Cutaneous T-cell lymphoma (CTCL) is a group of rare heterogeneous lymphoproliferative disorders primarily confined to the skin. The most prevalent clinical form of CTCL is mycosis fungoides (MF) (1, 2). Early-stage MF comprises patch and plaque skin lesions, whereas advanced stages involve skin tumours and erythrodermic MF (eMF) (3, 4). eMF and the more aggressive leukaemic variant, Sézary syndrome (SS), are characterized by chronic erythroderma with ≥ 80% skin involvement (4). eMF and SS are difficult to distinguish because of their similar clinical features, with erythroderma and lymph-adenopathy combined with symptoms such as pruritus, skin burning, and chills (5). However, eMF sometimes progresses through patch- and/or plaque-stage disease and has various levels of blood involvement, whereas SS usually presents with erythroderma and significant blood involvement (6, 7). Controversies still exist regarding whether MF and SS are distinct diseases or different manifestations of a single disease (8, 9), which has led to substantial discussions about the distinction between eMF and SS (6, 9, 10). Discrimination between SS and eMF is essential due to differences in treatment recommendations and prognosis (7, 11, 12).

MicroRNAs (miRNAs) may have the potential to discriminate between SS and eMF. miRNAs are short non-coding RNA molecules that regulate gene expression by modulating translation of messenger RNA (13).

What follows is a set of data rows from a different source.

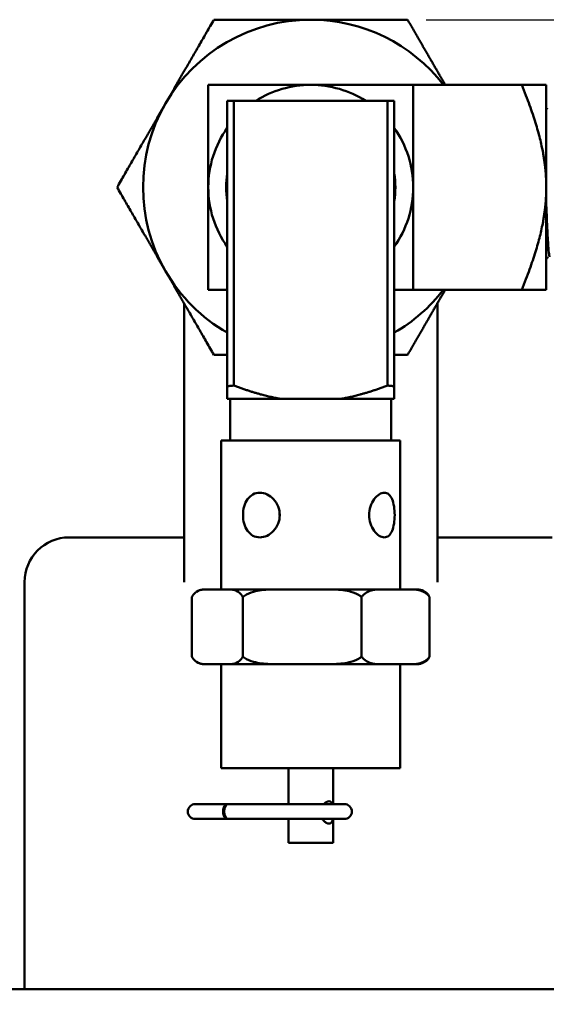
# Model space of a CAD drawing. Header units: inches. Extents: x 0.1 to 33.9, y 0.6 to 21.4.
# Tile 15 of 83: x 7.7 to 9.4, y 7.7 to 11. Entities that reach past the tile are written whole.
import ezdxf

# ---------------------------------------------------------------- set-up
doc = ezdxf.new("R2010")
doc.units = ezdxf.units.IN
doc.header["$MEASUREMENT"] = 0
doc.layers.add('Dimension (ANSI)', color=7, linetype='Continuous', lineweight=25)
doc.layers.add('Visible (ANSI)', color=7, linetype='Continuous', lineweight=50)
doc.styles.add('Note Text (ANSI)', font='tahoma.ttf')
doc.dimstyles.new('Default (ANSI)', dxfattribs={"dimtxt": 0.12, "dimasz": 0.098425, "dimexe": 0.125, "dimexo": 0.0625, "dimgap": 0.031496, "dimtad": 0, "dimtih": 1, "dimtoh": 1, "dimrnd": 1e-08, "dimzin": 4, "dimdsep": 46, "dimtxsty": 'Note Text (ANSI)', "dimcen": 0.09, "dimdle": 0.393701, "dimclrd": 256, "dimclre": 256, "dimclrt": 256, "dimadec": 0, "dimazin": 1, "dimtfac": 1, "dimtofl": 0, "dimtmove": 0, "dimatfit": 3, "dimfxl": 1, "dimtolj": 1, "dimtzin": 4, "dimlwd": -1, "dimlwe": -1, "dimarcsym": 0})

# ---------------------------------------------------------------- blocks, each defined once
blk = doc.blocks.new('*D7')
at = {"layer": 'Defpoints', "color": 0, "transparency": 16777216}
for p in [(8.9752, 11.0218), (16.8683, 11.0218), (16.8524, 5.3033)]:
    blk.add_point(p, dxfattribs=at)
at = {"layer": 'Dimension (ANSI)', "transparency": 16777216}
for p, q in [((9.0377, 11.0218), (16.9933, 11.0218)), ((16.8683, 10.9233), (16.8683, 8.2565)), ((16.8683, 5.4017), (16.8683, 8.0685))]:
    blk.add_line(p, q, dxfattribs=at)
for points in [[(16.8518, 10.9233), (16.8847, 10.9233), (16.8683, 11.0218)], [(16.8518, 5.4017), (16.8847, 5.4017), (16.8683, 5.3033)]]:
    blk.add_solid(points, dxfattribs=at)
at = {"layer": 'Dimension (ANSI)', "transparency": 16777216, "insert": (16.7167, 8.225), "char_height": 0.12, "attachment_point": 1, "style": 'Note Text (ANSI)'}
blk.add_mtext('\\A1;5.72', dxfattribs=at)
blk = doc.blocks.new('*D8')
at = {"layer": 'Defpoints', "color": 0, "transparency": 16777216}
for p in [(8.9752, 11.0218), (17.8267, 11.0218), (16.0156, 4.2413)]:
    blk.add_point(p, dxfattribs=at)
at = {"layer": 'Dimension (ANSI)', "transparency": 16777216}
for p, q in [((9.0377, 11.0218), (17.9517, 11.0218)), ((17.8267, 10.9233), (17.8267, 7.7258)), ((17.8267, 4.3397), (17.8267, 7.5373)), ((16.0781, 4.2413), (17.9517, 4.2413))]:
    blk.add_line(p, q, dxfattribs=at)
for points in [[(17.8103, 10.9233), (17.8431, 10.9233), (17.8267, 11.0218)], [(17.8103, 4.3397), (17.8431, 4.3397), (17.8267, 4.2413)]]:
    blk.add_solid(points, dxfattribs=at)
at = {"layer": 'Dimension (ANSI)', "transparency": 16777216, "insert": (17.6729, 7.6943), "char_height": 0.12, "attachment_point": 1, "style": 'Note Text (ANSI)'}
blk.add_mtext('\\A1;6.78', dxfattribs=at)
blk = doc.blocks.new('*D9')
at = {"layer": 'Defpoints', "color": 0, "transparency": 16777216}
for p in [(3.5826, 11.0218), (6.3385, 11.0218), (8.3193, 1.7703)]:
    blk.add_point(p, dxfattribs=at)
at = {"layer": 'Dimension (ANSI)', "transparency": 16777216}
for p, q in [((6.276, 11.0218), (3.4576, 11.0218)), ((3.5826, 10.9233), (3.5826, 6.49)), ((3.5826, 1.8687), (3.5826, 6.302)), ((8.2568, 1.7703), (3.4576, 1.7703))]:
    blk.add_line(p, q, dxfattribs=at)
for points in [[(3.5662, 10.9233), (3.599, 10.9233), (3.5826, 11.0218)], [(3.5662, 1.8687), (3.599, 1.8687), (3.5826, 1.7703)]]:
    blk.add_solid(points, dxfattribs=at)
at = {"layer": 'Dimension (ANSI)', "transparency": 16777216, "insert": (3.4295, 6.4585), "char_height": 0.12, "attachment_point": 1, "style": 'Note Text (ANSI)'}
blk.add_mtext('\\A1;9.25', dxfattribs=at)

msp = doc.modelspace()

# ---------------------------------------------------------------- linework, layer by layer
at = {"layer": 'Visible (ANSI)'}
for p, q in [((8.9942, 10.803), (9.3582, 10.803)), ((9.3582, 10.803), (9.4404, 10.803)), ((9.4404, 10.803), (9.4404, 10.4593)), ((8.3704, 10.7493), (8.3924, 10.7493)), ((8.3704, 9.7919), (8.3704, 10.7493)), ((8.3924, 10.7493), (8.3924, 9.794)), ((8.9084, 10.7493), (8.3924, 10.7493)), ((8.9084, 9.794), (8.9084, 10.7493)), ((8.9084, 10.7493), (8.9304, 10.7493)), ((8.9304, 10.7493), (8.9304, 9.7919)), ((9.4404, 10.4593), (9.4404, 10.1155)), ((8.9942, 10.1155), (9.3582, 10.1155)), ((9.3582, 10.1155), (9.4404, 10.1155)), ((8.2254, 9.1343), (8.2254, 10.0704)), ((9.0754, 10.0704), (9.0754, 9.1343)), ((8.5489, 9.7493), (8.3704, 9.7493)), ((8.3804, 9.7493), (8.3804, 9.6093)), ((8.752, 9.7493), (8.5489, 9.7493)), ((8.9304, 9.7493), (8.752, 9.7493)), ((8.9204, 9.7493), (8.9204, 9.6093)), ((8.3504, 9.6093), (8.9504, 9.6093)), ((8.3504, 9.6093), (8.3504, 9.1093)), ((8.9504, 9.6093), (8.9504, 9.1093)), ((7.8404, 9.2843), (8.2254, 9.2843)), ((9.0754, 9.2843), (9.4604, 9.2843)), ((7.6904, 7.7679), (7.6904, 9.1343)), ((8.291, 9.1093), (8.2875, 9.1093)), ((8.3833, 9.1093), (8.291, 9.1093)), ((8.5139, 9.1093), (8.3833, 9.1093)), ((8.7296, 9.1093), (8.5139, 9.1093)), ((8.8734, 9.1093), (8.7296, 9.1093)), ((8.9968, 9.1093), (8.8734, 9.1093)), ((9.0134, 9.1093), (8.9968, 9.1093)), ((8.2518, 9.0843), (8.2518, 8.8843)), ((8.4225, 9.0843), (8.4225, 8.8843)), ((8.8211, 9.0843), (8.8211, 8.8843)), ((9.0491, 9.0843), (9.0491, 8.8843)), ((8.2875, 8.8593), (8.291, 8.8593)), ((8.3833, 8.8593), (8.291, 8.8593)), ((8.3504, 8.8593), (8.3504, 8.5093)), ((8.3833, 8.8593), (8.5139, 8.8593)), ((8.7296, 8.8593), (8.5139, 8.8593)), ((8.7296, 8.8593), (8.8734, 8.8593)), ((8.9968, 8.8593), (8.8734, 8.8593)), ((8.9504, 8.8593), (8.9504, 8.5093)), ((8.9968, 8.8593), (9.0134, 8.8593)), ((8.3504, 8.5093), (8.9504, 8.5093)), ((8.5754, 8.5093), (8.5754, 8.3893)), ((8.7254, 8.5093), (8.7254, 8.3893)), ((8.3707, 8.3893), (8.2632, 8.3893)), ((8.3743, 8.3893), (8.3707, 8.3893)), ((8.7632, 8.3893), (8.3743, 8.3893)), ((8.2632, 8.3393), (8.3707, 8.3393)), ((8.3707, 8.3393), (8.3743, 8.3393)), ((8.3743, 8.3393), (8.7632, 8.3393)), ((8.5754, 8.3393), (8.5754, 8.2593)), ((8.7254, 8.3393), (8.7254, 8.2593)), ((8.5754, 8.2593), (8.7254, 8.2593)), ((6.6918, 7.7679), (7.7363, 7.7679)), ((7.7363, 7.7679), (10.891, 7.7679))]:
    msp.add_line(p, q, dxfattribs=at)
for centre, radius, start, end in [((8.6504, 10.4593), 0.5625, 90, 150), ((8.6504, 10.4593), 0.5625, 37.6699, 90), ((8.6504, 10.4593), 0.3437, 90, 122.4739), ((8.6504, 10.4593), 0.3437, 57.5261, 90), ((8.6504, 10.4593), 0.5625, 150, 210), ((8.6504, 10.4593), 0.3437, 144.5424, 180), ((8.6504, 10.4593), 0.3437, 0, 35.4576), ((8.6504, 10.4593), 0.2839, 170.5055, 189.4945), ((8.6504, 10.4593), 0.2839, 350.5055, 9.4945), ((8.6504, 10.4593), 0.3437, 180, 215.4576), ((8.6504, 10.4593), 0.3437, 324.5424, 0), ((8.6504, 10.4593), 0.5625, 210, 240.1469), ((8.6504, 10.4593), 0.5625, 299.8531, 322.3301), ((7.8404, 9.1343), 0.15, 90, 180), ((8.294, 9.0597), 0.05, 97.4228, 122.0735), ((9.0069, 9.0597), 0.05, 57.9265, 82.5772), ((8.294, 8.9089), 0.05, 237.9265, 262.5772), ((9.0069, 8.9089), 0.05, 277.4228, 302.0735), ((8.2632, 8.3643), 0.025, 90, 270), ((8.7632, 8.3643), 0.025, 270, 90)]:
    msp.add_arc(centre, radius, start, end, dxfattribs=at)
for centre, major_axis, ratio, start_param, end_param in [((8.6504, 9.3593), (0.1044, 0), 0.718579, 3.071406, 3.21178), ((8.3707, 8.3643), (0, 0.025), 0.569971, 6.154652, 9.553311), ((8.3743, 8.3643), (0, -0.025), 0.555544, 3.141593, 6.283185)]:
    msp.add_ellipse(centre, major_axis=major_axis, ratio=ratio, start_param=start_param, end_param=end_param, dxfattribs=at)
for points, weights in [([(8.3257, 11.0218), (8.2387, 10.8711), (8.1633, 10.7405)], [3.57900139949, 3.85583812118, 3.85583812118]), ([(8.6504, 11.0218), (8.4997, 11.0218), (8.3257, 11.0218)], [3.85583812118, 3.85583812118, 3.57900139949]), ([(8.9752, 11.0218), (8.8012, 11.0218), (8.6504, 11.0218)], [3.57900139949, 3.85583812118, 3.85583812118]), ([(9.1015, 10.803), (9.0426, 10.905), (8.9752, 11.0218)], [3.8400997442, 3.78983084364, 3.57900139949]), ([(8.3067, 10.803), (8.3067, 10.6017), (8.3067, 10.4593)], [4.20840837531, 5.07999828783, 5.07999828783]), ([(8.3067, 10.803), (8.5081, 10.803), (8.6504, 10.803)], [4.20820645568, 5.07975454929, 5.07975454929]), ([(8.6504, 10.803), (8.7928, 10.803), (8.9942, 10.803)], [5.07975454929, 5.07975454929, 4.20820645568]), ([(8.9942, 10.803), (8.9942, 10.6017), (8.9942, 10.4593)], [1.8419624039, 2.22344530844, 2.22344530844]), ([(9.3582, 10.803), (9.4404, 10.6017), (9.4404, 10.4593)], [1.8419624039, 2.22344530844, 2.22344530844]), ([(8.1633, 10.7405), (8.0879, 10.61), (8.0009, 10.4593)], [3.85583812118, 3.85583812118, 3.57900139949]), ([(8.0009, 10.4593), (8.0879, 10.3086), (8.1633, 10.178)], [3.57900139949, 3.85583812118, 3.85583812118]), ([(8.3067, 10.4593), (8.3067, 10.3169), (8.3067, 10.1155)], [5.07999828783, 5.07999828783, 4.20840837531]), ([(8.9942, 10.4593), (8.9942, 10.3169), (8.9942, 10.1155)], [2.22344530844, 2.22344530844, 1.8419624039]), ([(9.4404, 10.4593), (9.4404, 10.3169), (9.3582, 10.1155)], [2.22344530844, 2.22344530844, 1.8419624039]), ([(8.1633, 10.178), (8.2387, 10.0475), (8.3257, 9.8968)], [3.85583812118, 3.85583812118, 3.57900139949]), ([(8.3067, 10.1155), (8.34, 10.1155), (8.3704, 10.1155)], [4.20840837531, 4.33146177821, 4.43714217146]), ([(8.9304, 10.1155), (8.9609, 10.1155), (8.9942, 10.1155)], [4.43714217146, 4.33146177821, 4.20840837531]), ([(8.9752, 9.8968), (9.0426, 10.0136), (9.1015, 10.1155)], [3.57900139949, 3.78983084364, 3.8400997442]), ([(8.3257, 9.8968), (8.3484, 9.8968), (8.3704, 9.8968)], [3.57900139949, 3.61291028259, 3.64266577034]), ([(8.9304, 9.8968), (8.9525, 9.8968), (8.9752, 9.8968)], [3.64266577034, 3.61291028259, 3.57900139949]), ([(8.3924, 9.794), (8.3814, 9.7926), (8.3704, 9.7919)], [2.84495445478, 2.85237524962, 2.85605731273]), ([(8.3704, 9.7919), (8.3704, 9.7668), (8.3704, 9.7493)], [1.28530494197, 1.24628082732, 1.18997972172]), ([(8.3924, 9.794), (8.4777, 9.7619), (8.5489, 9.7493)], [3.03849951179, 3.25253343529, 3.34532182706]), ([(8.752, 9.7493), (8.8232, 9.7619), (8.9084, 9.794)], [3.34532182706, 3.25253343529, 3.03849951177]), ([(8.9304, 9.7919), (8.9195, 9.7926), (8.9084, 9.794)], [2.85605731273, 2.85237524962, 2.84495445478]), ([(8.9304, 9.7919), (8.9304, 9.7668), (8.9304, 9.7493)], [1.28530494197, 1.24628082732, 1.18997972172])]:
    msp.add_rational_spline(points, weights, degree=2, dxfattribs=at)
for points in [[(9.4404, 10.7203), (9.4416, 10.7222), (9.4427, 10.7241), (9.4438, 10.726)], [(9.4454, 10.2259), (9.4437, 10.2231), (9.4421, 10.2202), (9.4404, 10.2174)]]:
    msp.add_open_spline(points, degree=3, dxfattribs=at)
for points, knots in [([(9.4404, 10.399), (9.4413, 10.3769), (9.4422, 10.3556), (9.4439, 10.3167), (9.4448, 10.2991), (9.4465, 10.2689), (9.4474, 10.2563), (9.4491, 10.2373), (9.45, 10.231), (9.4511, 10.2273), (9.4513, 10.2268), (9.4514, 10.2264)], [0.78125, 0.78125, 0.78125, 0.78125, 0.78515625, 0.78515625, 0.7890625, 0.7890625, 0.79296875, 0.79296875, 0.796875, 0.796875, 0.79775476, 0.79775476, 0.79775476, 0.79775476]), ([(8.5465, 9.3593), (8.5465, 9.3498), (8.5447, 9.3397), (8.5373, 9.3213), (8.5319, 9.3129), (8.5196, 9.2996), (8.512, 9.2938), (8.4958, 9.2862), (8.4872, 9.2843), (8.4717, 9.2843), (8.4637, 9.2862), (8.4495, 9.2938), (8.4433, 9.2996), (8.4338, 9.3129), (8.4298, 9.3213), (8.4245, 9.3397), (8.4233, 9.3498), (8.4233, 9.3687), (8.4245, 9.3788), (8.4298, 9.3973), (8.4338, 9.4057), (8.4433, 9.4189), (8.4495, 9.4247), (8.4637, 9.4324), (8.4717, 9.4343), (8.4872, 9.4343), (8.4958, 9.4324), (8.512, 9.4247), (8.5196, 9.4189), (8.5319, 9.4057), (8.5373, 9.3973), (8.5447, 9.3788), (8.5465, 9.3687), (8.5465, 9.3593)], [0, 0, 0, 0, 0.072094, 0.072094, 0.144189, 0.144189, 0.216273, 0.216273, 0.288357, 0.288357, 0.360442, 0.360442, 0.432526, 0.432526, 0.50462, 0.50462, 0.576715, 0.576715, 0.648809, 0.648809, 0.720904, 0.720904, 0.792988, 0.792988, 0.865072, 0.865072, 0.937156, 0.937156, 1.009241, 1.009241, 1.081335, 1.081335, 1.15343, 1.15343, 1.15343, 1.15343]), ([(8.8969, 9.2843), (8.8916, 9.2843), (8.8854, 9.2862), (8.8734, 9.2938), (8.8676, 9.2996), (8.8581, 9.3129), (8.8537, 9.3213), (8.8479, 9.3397), (8.8464, 9.3498), (8.8464, 9.3687), (8.8479, 9.3788), (8.8537, 9.3973), (8.8581, 9.4057), (8.8676, 9.4189), (8.8734, 9.4247), (8.8854, 9.4324), (8.8916, 9.4343), (8.8969, 9.4343)], [0.2883574, 0.2883574, 0.2883574, 0.2883574, 0.3604417, 0.3604417, 0.432526, 0.432526, 0.5046204, 0.5046204, 0.5767148, 0.5767148, 0.6488092, 0.6488092, 0.7209036, 0.7209036, 0.7929879, 0.7929879, 0.8650722, 0.8650722, 0.8650722, 0.8650722]), ([(8.8969, 9.4343), (8.9023, 9.4343), (8.9077, 9.4324), (8.9167, 9.4247), (8.9205, 9.4189), (8.9261, 9.4057), (8.9283, 9.3973), (8.9312, 9.3788), (8.9319, 9.3687), (8.9319, 9.3593), (8.9319, 9.3498), (8.9312, 9.3397), (8.9283, 9.3213), (8.9261, 9.3129), (8.9205, 9.2996), (8.9167, 9.2938), (8.9077, 9.2862), (8.9023, 9.2843), (8.8969, 9.2843)], [0.8650722, 0.8650722, 0.8650722, 0.8650722, 0.9371565, 0.9371565, 1.0092408, 1.0092408, 1.0813352, 1.0813352, 1.1534296, 1.1534296, 1.1534296, 1.225524, 1.225524, 1.2976183, 1.2976183, 1.3697027, 1.3697027, 1.441787, 1.441787, 1.441787, 1.441787]), ([(8.291, 9.1093), (8.2829, 9.1085), (8.2744, 9.1065), (8.2628, 9.0991), (8.2578, 9.0945), (8.2533, 9.0872), (8.2526, 9.0858), (8.2518, 9.0843)], [0.2587738, 0.2587738, 0.2587738, 0.2587738, 0.3929433, 0.3929433, 0.4732626, 0.4732626, 0.4896631, 0.4896631, 0.4896631, 0.4896631]), ([(8.4225, 9.0843), (8.4217, 9.0858), (8.4209, 9.0872), (8.4165, 9.0945), (8.4115, 9.0991), (8.3999, 9.1065), (8.3914, 9.1085), (8.3833, 9.1093)], [1.7421001, 1.7421001, 1.7421001, 1.7421001, 1.7585005, 1.7585005, 1.8388199, 1.8388199, 1.9729893, 1.9729893, 1.9729893, 1.9729893]), ([(8.5139, 9.1093), (8.495, 9.1085), (8.4752, 9.1065), (8.4481, 9.0991), (8.4364, 9.0945), (8.426, 9.0872), (8.4242, 9.0858), (8.4225, 9.0843)], [0.2587738, 0.2587738, 0.2587738, 0.2587738, 0.3929433, 0.3929433, 0.4732626, 0.4732626, 0.4896631, 0.4896631, 0.4896631, 0.4896631]), ([(8.8211, 9.0843), (8.8194, 9.0858), (8.8175, 9.0872), (8.8072, 9.0945), (8.7954, 9.0991), (8.7684, 9.1065), (8.7486, 9.1085), (8.7296, 9.1093)], [1.7421001, 1.7421001, 1.7421001, 1.7421001, 1.7585005, 1.7585005, 1.8388199, 1.8388199, 1.9729893, 1.9729893, 1.9729893, 1.9729893]), ([(8.8734, 9.1093), (8.8626, 9.1085), (8.8512, 9.1065), (8.8358, 9.0991), (8.829, 9.0945), (8.8231, 9.0872), (8.8221, 9.0858), (8.8211, 9.0843)], [0.2587738, 0.2587738, 0.2587738, 0.2587738, 0.3929433, 0.3929433, 0.4732626, 0.4732626, 0.4896631, 0.4896631, 0.4896631, 0.4896631]), ([(9.0491, 9.0843), (9.0481, 9.0858), (9.047, 9.0872), (9.0411, 9.0945), (9.0344, 9.0991), (9.0189, 9.1065), (9.0076, 9.1085), (8.9968, 9.1093)], [1.7421001, 1.7421001, 1.7421001, 1.7421001, 1.7585005, 1.7585005, 1.8388199, 1.8388199, 1.9729893, 1.9729893, 1.9729893, 1.9729893]), ([(9.0335, 9.1021), (9.0336, 9.102), (9.0337, 9.1019), (9.0381, 9.0991), (9.0431, 9.0945), (9.0476, 9.0872), (9.0483, 9.0858), (9.0491, 9.0843)], [0.39109717, 0.39109717, 0.39109717, 0.39109717, 0.39294326, 0.39294326, 0.47326259, 0.47326259, 0.48966308, 0.48966308, 0.48966308, 0.48966308]), ([(8.2518, 8.8843), (8.2526, 8.8827), (8.2533, 8.8813), (8.2578, 8.8741), (8.2628, 8.8694), (8.2744, 8.862), (8.2829, 8.86), (8.291, 8.8593)], [0.6262185, 0.6262185, 0.6262185, 0.6262185, 0.642619, 0.642619, 0.7229383, 0.7229383, 0.8571077, 0.8571077, 0.8571077, 0.8571077]), ([(8.3833, 8.8593), (8.3914, 8.86), (8.3999, 8.862), (8.4115, 8.8694), (8.4165, 8.8741), (8.4209, 8.8813), (8.4217, 8.8827), (8.4225, 8.8843)], [1.3746554, 1.3746554, 1.3746554, 1.3746554, 1.5088248, 1.5088248, 1.5891442, 1.5891442, 1.6055447, 1.6055447, 1.6055447, 1.6055447]), ([(8.4225, 8.8843), (8.4242, 8.8827), (8.426, 8.8813), (8.4364, 8.8741), (8.4481, 8.8694), (8.4752, 8.862), (8.495, 8.86), (8.5139, 8.8593)], [0.6262185, 0.6262185, 0.6262185, 0.6262185, 0.642619, 0.642619, 0.7229383, 0.7229383, 0.8571077, 0.8571077, 0.8571077, 0.8571077]), ([(8.7296, 8.8593), (8.7486, 8.86), (8.7684, 8.862), (8.7954, 8.8694), (8.8072, 8.8741), (8.8175, 8.8813), (8.8194, 8.8827), (8.8211, 8.8843)], [1.3746554, 1.3746554, 1.3746554, 1.3746554, 1.5088248, 1.5088248, 1.5891442, 1.5891442, 1.6055447, 1.6055447, 1.6055447, 1.6055447]), ([(8.8211, 8.8843), (8.8221, 8.8827), (8.8231, 8.8813), (8.829, 8.8741), (8.8358, 8.8694), (8.8512, 8.862), (8.8626, 8.86), (8.8734, 8.8593)], [0.6262185, 0.6262185, 0.6262185, 0.6262185, 0.642619, 0.642619, 0.7229383, 0.7229383, 0.8571077, 0.8571077, 0.8571077, 0.8571077]), ([(8.9968, 8.8593), (9.0076, 8.86), (9.0189, 8.862), (9.0344, 8.8694), (9.0411, 8.8741), (9.047, 8.8813), (9.0481, 8.8827), (9.0491, 8.8843)], [1.3746554, 1.3746554, 1.3746554, 1.3746554, 1.5088248, 1.5088248, 1.5891442, 1.5891442, 1.6055447, 1.6055447, 1.6055447, 1.6055447]), ([(9.0491, 8.8843), (9.0483, 8.8827), (9.0476, 8.8813), (9.0431, 8.8741), (9.0381, 8.8694), (9.0337, 8.8666), (9.0336, 8.8665), (9.0335, 8.8665)], [0.62621849, 0.62621849, 0.62621849, 0.62621849, 0.64261898, 0.64261898, 0.72293831, 0.72293831, 0.7247844, 0.7247844, 0.7247844, 0.7247844]), ([(8.6944, 8.3893), (8.697, 8.3919), (8.6999, 8.3942), (8.706, 8.3977), (8.7093, 8.3987), (8.7148, 8.3987), (8.7173, 8.3977), (8.7207, 8.3942), (8.7219, 8.3919), (8.7227, 8.3893)], [0.3722558, 0.3722558, 0.3722558, 0.3722558, 0.4027952, 0.4027952, 0.4393584, 0.4393584, 0.4759216, 0.4759216, 0.506461, 0.506461, 0.506461, 0.506461]), ([(8.7241, 8.3393), (8.7239, 8.3376), (8.7236, 8.336), (8.7224, 8.3314), (8.721, 8.3285), (8.7173, 8.3246), (8.7148, 8.3237), (8.7093, 8.3237), (8.706, 8.3246), (8.6993, 8.3285), (8.6959, 8.3314), (8.6917, 8.336), (8.6905, 8.3376), (8.6894, 8.3393)], [0.0577605, 0.0577605, 0.0577605, 0.0577605, 0.0733263, 0.0733263, 0.1098896, 0.1098896, 0.1464528, 0.1464528, 0.183016, 0.183016, 0.2195793, 0.2195793, 0.2351451, 0.2351451, 0.2351451, 0.2351451])]:
    msp.add_open_spline(points, degree=3, knots=knots, dxfattribs=at)

# ---------------------------------------------------------------- dimensions: what is measured, and where the dimension line sits
at = {"layer": 'Dimension (ANSI)'}
for base, p1, p2, override, picture, middle in [((3.5826, 11.0218), (8.3193, 1.7703), (6.3385, 11.0218), {"dimgap": 0.031496, "dimdec": 2, "dimtol": 0, "dimlim": 0, "dimtp": 0, "dimtm": 0, "dimtdec": 2, "dimatfit": 1}, '*D9', (3.5826, 6.396)), ((16.8683, 11.0218), (16.8524, 5.3033), (8.9752, 11.0218), {"dimgap": 0.031496, "dimdec": 2, "dimse1": 1, "dimtol": 0, "dimlim": 0, "dimtp": 0, "dimtm": 0, "dimtdec": 2, "dimatfit": 1}, '*D7', (16.8683, 8.1625)), ((17.8267, 11.0218), (16.0156, 4.2413), (8.9752, 11.0218), {"dimgap": 0.031496, "dimdec": 2, "dimtol": 0, "dimlim": 0, "dimtp": 0, "dimtm": 0, "dimtdec": 2, "dimatfit": 1}, '*D8', (17.8267, 7.6315))]:
    dim = msp.add_linear_dim(base=base, p1=p1, p2=p2, angle=90, dimstyle='Default (ANSI)', override=override, dxfattribs=at)
    dim.commit()
    dim.dimension.update_dxf_attribs({"geometry": picture, "text_midpoint": middle, "dimtype": 160})

doc.saveas('drawing.dxf')

Thus, miRNAs are involved in important biological functions, and altered regulation of miRNAs plays a key role in cancer development, progression and metastasis (14). Many miRNAs are differentially expressed in CTCL compared with normal skin (15–17). They have been proposed to discriminate CTCL from benign skin diseases as a diagnostic marker (18–20), and a prognostic 3-miRNA classifier was developed recently for patients diagnosed with early-stage MF (21). Moreover, single miRNAs (e.g. miR-155) may have essential regulatory functions in CTCL (22, 23), and a drug targeting miR-155, cobomarsen, was developed recently and tested in a clinical trial with promising outcomes (24).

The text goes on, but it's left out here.